◆ Stored entries:

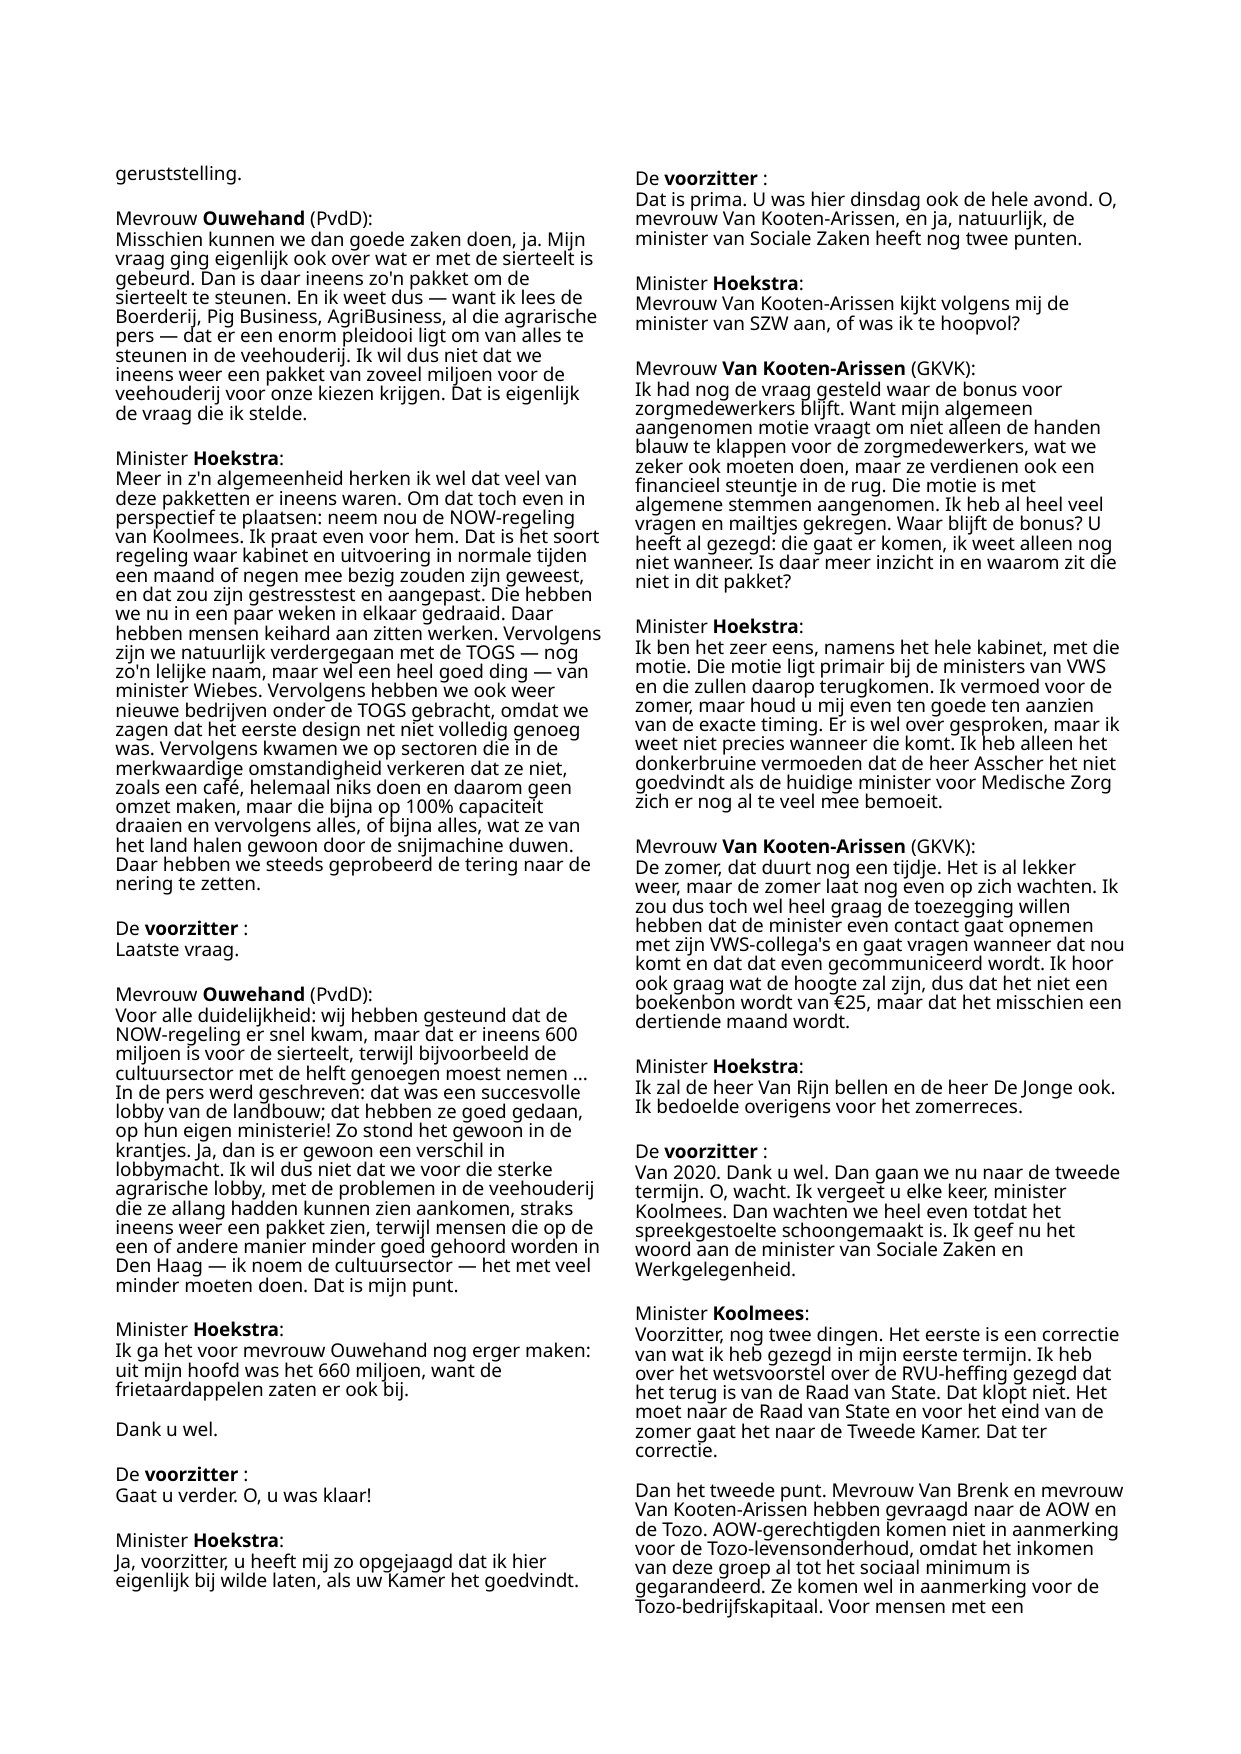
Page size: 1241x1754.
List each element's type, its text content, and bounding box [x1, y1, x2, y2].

text Laatste vraag. [115, 941, 605, 960]
text Minister Hoekstra: [115, 445, 605, 470]
text Misschien kunnen we dan goede zaken doen, ja. Mijn vraag ging eigenlijk ook over wat er met de sierteelt is gebeurd. Dan is daar ineens zo'n pakket om de sierteelt te steunen. En ik weet dus — want ik lees de Boerderij, Pig Business, AgriBusiness, al die agrarische pers — dat er een enorm pleidooi ligt om van alles te steunen in de veehouderij. Ik wil dus niet dat we ineens weer een pakket van zoveel miljoen voor de veehouderij voor onze kiezen krijgen. Dat is eigenlijk de vraag die ik stelde. [115, 231, 605, 424]
text Minister Hoekstra: [115, 1527, 605, 1553]
text Dan het tweede punt. Mevrouw Van Brenk en mevrouw Van Kooten-Arissen hebben gevraagd naar de AOW en de Tozo. AOW-gerechtigden komen niet in aanmerking voor de Tozo-levensonderhoud, omdat het inkomen van deze groep al tot het sociaal minimum is gegarandeerd. Ze komen wel in aanmerking voor de Tozo-bedrijfskapitaal. Voor mensen met een [635, 1482, 1125, 1617]
text Ja, voorzitter, u heeft mij zo opgejaagd dat ik hier eigenlijk bij wilde laten, als uw Kamer het goedvindt. [115, 1553, 605, 1591]
text Meer in z'n algemeenheid herken ik wel dat veel van deze pakketten er ineens waren. Om dat toch even in perspectief te plaatsen: neem nou de NOW-regeling van Koolmees. Ik praat even voor hem. Dat is het soort regeling waar kabinet en uitvoering in normale tijden een maand of negen mee bezig zouden zijn geweest, en dat zou zijn gestresstest en aangepast. Die hebben we nu in een paar weken in elkaar gedraaid. Daar hebben mensen keihard aan zitten werken. Vervolgens zijn we natuurlijk verdergegaan met de TOGS — nog zo'n lelijke naam, maar wel een heel goed ding — van minister Wiebes. Vervolgens hebben we ook weer nieuwe bedrijven onder de TOGS gebracht, omdat we zagen dat het eerste design net niet volledig genoeg was. Vervolgens kwamen we op sectoren die in de merkwaardige omstandigheid verkeren dat ze niet, zoals een café, helemaal niks doen en daarom geen omzet maken, maar die bijna op 100% capaciteit draaien en vervolgens alles, of bijna alles, wat ze van het land halen gewoon door de snijmachine duwen. Daar hebben we steeds geprobeerd de tering naar de nering te zetten. [115, 470, 605, 894]
text geruststelling. [115, 165, 605, 184]
text Dank u wel. [115, 1421, 605, 1440]
text Mevrouw Ouwehand (PvdD): [115, 205, 605, 231]
text Minister Hoekstra: [635, 270, 1125, 295]
text Dat is prima. U was hier dinsdag ook de hele avond. O, mevrouw Van Kooten-Arissen, en ja, natuurlijk, de minister van Sociale Zaken heeft nog twee punten. [635, 191, 1125, 249]
text Gaat u verder. O, u was klaar! [115, 1487, 605, 1506]
text Van 2020. Dank u wel. Dan gaan we nu naar de tweede termijn. O, wacht. Ik vergeet u elke keer, minister Koolmees. Dan wachten we heel even totdat het spreekgestoelte schoongemaakt is. Ik geef nu het woord aan de minister van Sociale Zaken en Werkgelegenheid. [635, 1164, 1125, 1280]
text De voorzitter : [635, 1138, 1125, 1164]
text Mevrouw Van Kooten-Arissen (GKVK): [635, 355, 1125, 381]
text Minister Hoekstra: [115, 1317, 605, 1342]
text Ik zal de heer Van Rijn bellen en de heer De Jonge ook. Ik bedoelde overigens voor het zomerreces. [635, 1079, 1125, 1118]
text Minister Hoekstra: [635, 1053, 1125, 1079]
text Ik ben het zeer eens, namens het hele kabinet, met die motie. Die motie ligt primair bij de ministers van VWS en die zullen daarop terugkomen. Ik vermoed voor de zomer, maar houd u mij even ten goede ten aanzien van de exacte timing. Er is wel over gesproken, maar ik weet niet precies wanneer die komt. Ik heb alleen het donkerbruine vermoeden dat de heer Asscher het niet goedvindt als de huidige minister voor Medische Zorg zich er nog al te veel mee bemoeit. [635, 639, 1125, 812]
text Mevrouw Van Kooten-Arissen kijkt volgens mij de minister van SZW aan, of was ik te hoopvol? [635, 295, 1125, 334]
text Ik ga het voor mevrouw Ouwehand nog erger maken: uit mijn hoofd was het 660 miljoen, want de frietaardappelen zaten er ook bij. [115, 1342, 605, 1400]
text Mevrouw Van Kooten-Arissen (GKVK): [635, 833, 1125, 859]
text De voorzitter : [115, 915, 605, 941]
text De voorzitter : [635, 165, 1125, 191]
text Minister Hoekstra: [635, 613, 1125, 639]
text Voorzitter, nog twee dingen. Het eerste is een correctie van wat ik heb gezegd in mijn eerste termijn. Ik heb over het wetsvoorstel over de RVU-heffing gezegd dat het terug is van de Raad van State. Dat klopt niet. Het moet naar de Raad van State en voor het eind van de zomer gaat het naar de Tweede Kamer. Dat ter correctie. [635, 1326, 1125, 1461]
text Mevrouw Ouwehand (PvdD): [115, 981, 605, 1007]
text De voorzitter : [115, 1461, 605, 1487]
text Minister Koolmees: [635, 1301, 1125, 1326]
text Ik had nog de vraag gesteld waar de bonus voor zorgmedewerkers blijft. Want mijn algemeen aangenomen motie vraagt om niet alleen de handen blauw te klappen voor de zorgmedewerkers, wat we zeker ook moeten doen, maar ze verdienen ook een financieel steuntje in de rug. Die motie is met algemene stemmen aangenomen. Ik heb al heel veel vragen en mailtjes gekregen. Waar blijft de bonus? U heeft al gezegd: die gaat er komen, ik weet alleen nog niet wanneer. Is daar meer inzicht in en waarom zit die niet in dit pakket? [635, 381, 1125, 592]
text Voor alle duidelijkheid: wij hebben gesteund dat de NOW-regeling er snel kwam, maar dat er ineens 600 miljoen is voor de sierteelt, terwijl bijvoorbeeld de cultuursector met de helft genoegen moest nemen ... In de pers werd geschreven: dat was een succesvolle lobby van de landbouw; dat hebben ze goed gedaan, op hun eigen ministerie! Zo stond het gewoon in de krantjes. Ja, dan is er gewoon een verschil in lobbymacht. Ik wil dus niet dat we voor die sterke agrarische lobby, met de problemen in de veehouderij die ze allang hadden kunnen zien aankomen, straks ineens weer een pakket zien, terwijl mensen die op de een of andere manier minder goed gehoord worden in Den Haag — ik noem de cultuursector — het met veel minder moeten doen. Dat is mijn punt. [115, 1007, 605, 1296]
text De zomer, dat duurt nog een tijdje. Het is al lekker weer, maar de zomer laat nog even op zich wachten. Ik zou dus toch wel heel graag de toezegging willen hebben dat de minister even contact gaat opnemen met zijn VWS-collega's en gaat vragen wanneer dat nou komt en dat dat even gecommuniceerd wordt. Ik hoor ook graag wat de hoogte zal zijn, dus dat het niet een boekenbon wordt van €25, maar dat het misschien een dertiende maand wordt. [635, 859, 1125, 1032]

◆ Directions: Of the entries above, transcribe exactly those lines that fall between the line containing "text Mevrouw Van Kooten-Arissen (GKVK): [635, 355, 1125, 381]" and the line containing "text Minister Hoekstra: [635, 1053, 1125, 1079]", together with those two lines.

◆ Task result:
text Mevrouw Van Kooten-Arissen (GKVK): [635, 355, 1125, 381]
text Minister Hoekstra: [115, 1317, 605, 1342]
text Ik zal de heer Van Rijn bellen en de heer De Jonge ook. Ik bedoelde overigens voor het zomerreces. [635, 1079, 1125, 1118]
text Minister Hoekstra: [635, 1053, 1125, 1079]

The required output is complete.